The TRS R consists of the following rules:

a₂(0, b₂(0, x)) -> b₂(0, a₂(0, x))
a₂(0, x) -> b₂(0, b₂(0, x))
a₂(0, a₂(1, a₂(x, y))) -> a₂(1, a₂(0, a₂(x, y)))
b₂(0, a₂(1, a₂(x, y))) -> b₂(1, a₂(0, a₂(x, y)))
a₂(0, a₂(x, y)) -> a₂(1, a₂(1, a₂(x, y)))

Q is empty.
We have to consider all minimal (P,Q,R)-chains.
We use the reduction pair processor [13].

The following pairs can be oriented strictly and are deleted.

A₂(0, x) -> B₂(0, b₂(0, x))

The remaining pairs can at least be oriented weakly.

B₂(0, a₂(1, a₂(x, y))) -> A₂(0, a₂(x, y))
A₂(0, b₂(0, x)) -> B₂(0, a₂(0, x))

Used ordering: Polynomial Order [17,21] with Interpretation:

POL( B₂(x₁, x₂) ) = max{0, 2x₂ - 3}

POL( 1 ) = 1

POL( 0 ) = 1

POL( A₂(x₁, x₂) ) = 1

POL( a₂(x₁, x₂) ) = 2

POL( b₂(x₁, x₂) ) = max{0, -3}

The following usable rules [14] were oriented:

a₂(0, a₂(1, a₂(x, y))) -> a₂(1, a₂(0, a₂(x, y)))
a₂(0, a₂(x, y)) -> a₂(1, a₂(1, a₂(x, y)))
a₂(0, x) -> b₂(0, b₂(0, x))
b₂(0, a₂(1, a₂(x, y))) -> b₂(1, a₂(0, a₂(x, y)))
a₂(0, b₂(0, x)) -> b₂(0, a₂(0, x))

↳ QTRS

  ↳ DependencyPairsProof

    ↳ QDP

      ↳ DependencyGraphProof

        ↳ QDP

          ↳ QDPOrderProof

            ↳ QDP

              ↳ QDPOrderProof

                ↳ QDP

Q DP problem:
The TRS P consists of the following rules:

A₂(0, b₂(0, x)) -> B₂(0, a₂(0, x))
B₂(0, a₂(1, a₂(x, y))) -> A₂(0, a₂(x, y))

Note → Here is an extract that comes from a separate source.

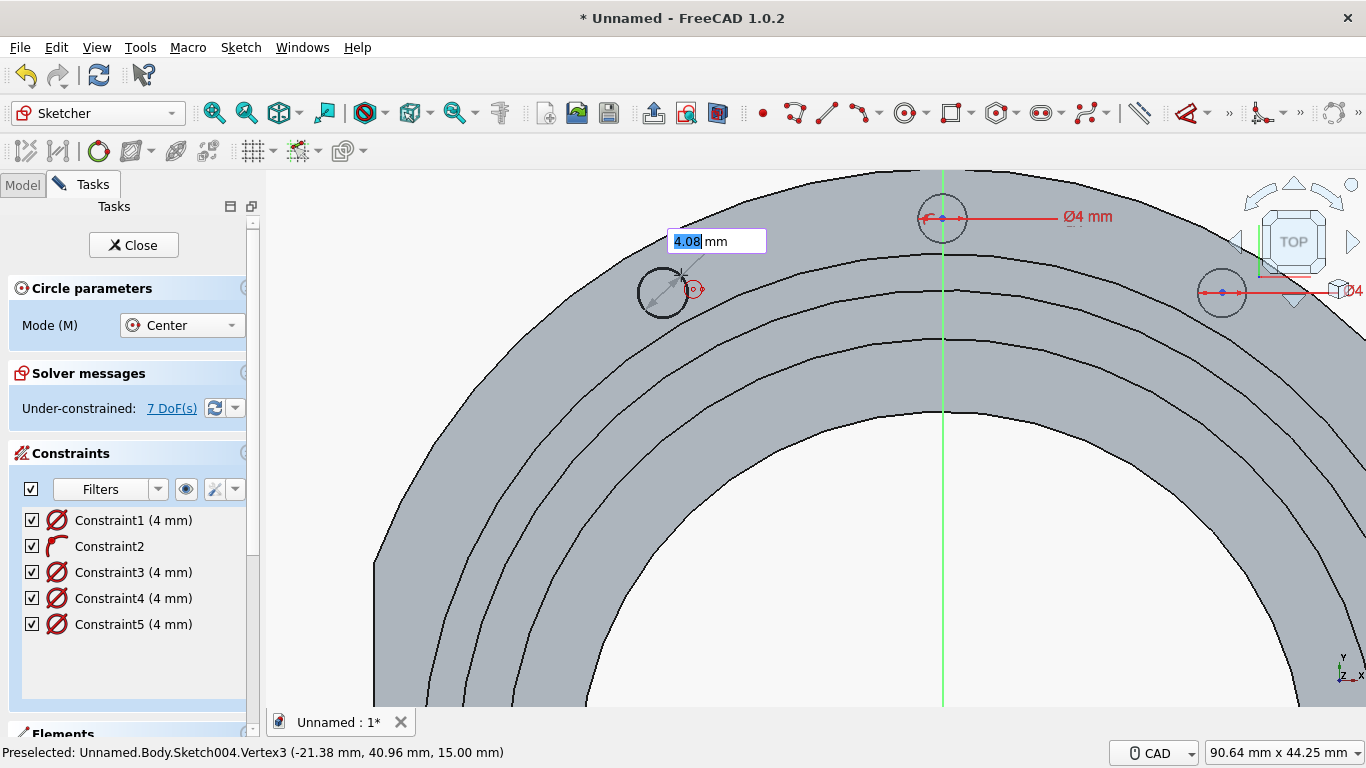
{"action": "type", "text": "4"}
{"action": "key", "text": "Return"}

The TRS R consists of the following rules:

a₂(0, b₂(0, x)) -> b₂(0, a₂(0, x))
a₂(0, x) -> b₂(0, b₂(0, x))
a₂(0, a₂(1, a₂(x, y))) -> a₂(1, a₂(0, a₂(x, y)))
b₂(0, a₂(1, a₂(x, y))) -> b₂(1, a₂(0, a₂(x, y)))
a₂(0, a₂(x, y)) -> a₂(1, a₂(1, a₂(x, y)))

Q is empty.
We have to consider all minimal (P,Q,R)-chains.